Jordan $*-$homomorphisms between unital $C^*-$algebras

TL;DR

This paper proves that certain approximate algebraic mappings between unital $C^*$-algebras are actually Jordan homomorphisms, and explores their stability using fixed point methods, extending understanding of algebraic structure preservation.

Contribution

It establishes conditions under which almost unital almost linear maps satisfying specific functional equations are genuine Jordan homomorphisms, including stability results via fixed point techniques.

Findings

Almost unital almost linear maps satisfying the functional equation are Jordan homomorphisms.

For real rank zero $C^*$-algebras, the result holds for continuous maps.

Hyers--Ulam--Rassias stability of Jordan $*$-homomorphisms is demonstrated.

Abstract

Let $A,B$ be two unital $C^*-$algebras. We prove that every almost unital almost linear mapping $h:A\longrightarrow B$ which satisfies $h(3^nuy+3^nyu) = h(3^nu)h(y)+h(y)h(3^nu)$ for all $u\in U(A)$, all $y\in A$, and all $n = 0, 1, 2,...$, is a Jordan homomorphism.
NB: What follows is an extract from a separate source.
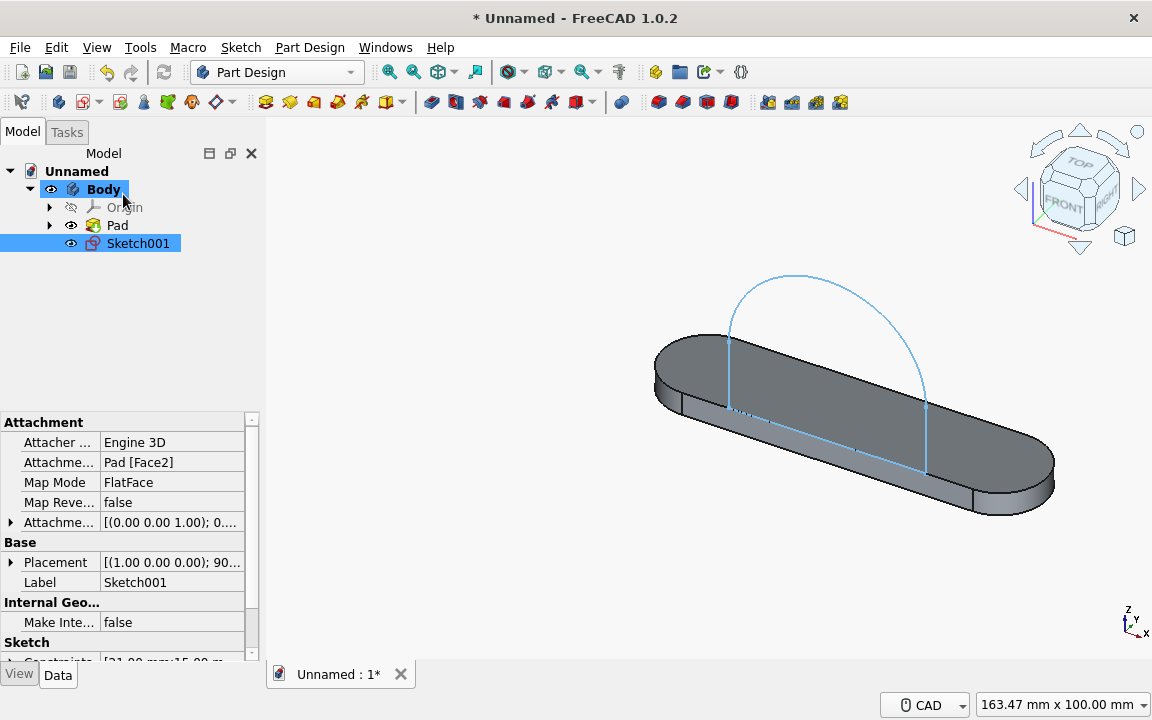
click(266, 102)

Also, for a unital $C^*-$algebra $A$ of real rank zero, every almost unital almost linear continuous mapping $h:A\longrightarrow B$ is a Jordan homomorphism when $h(3^nuy+3^nyu) = h(3^nu)h(y)+h(y)h(3^nu)$ holds for all $u\in I_1(A_{sa})$, all $y\in A,$ and all $n = 0, 1, 2,... ~$. Furthermore, we investigate the Hyers--Ulam--Rassias stability of Jordan $*-$homomorphisms between unital $C^*-$algebras by using the fixed points methods.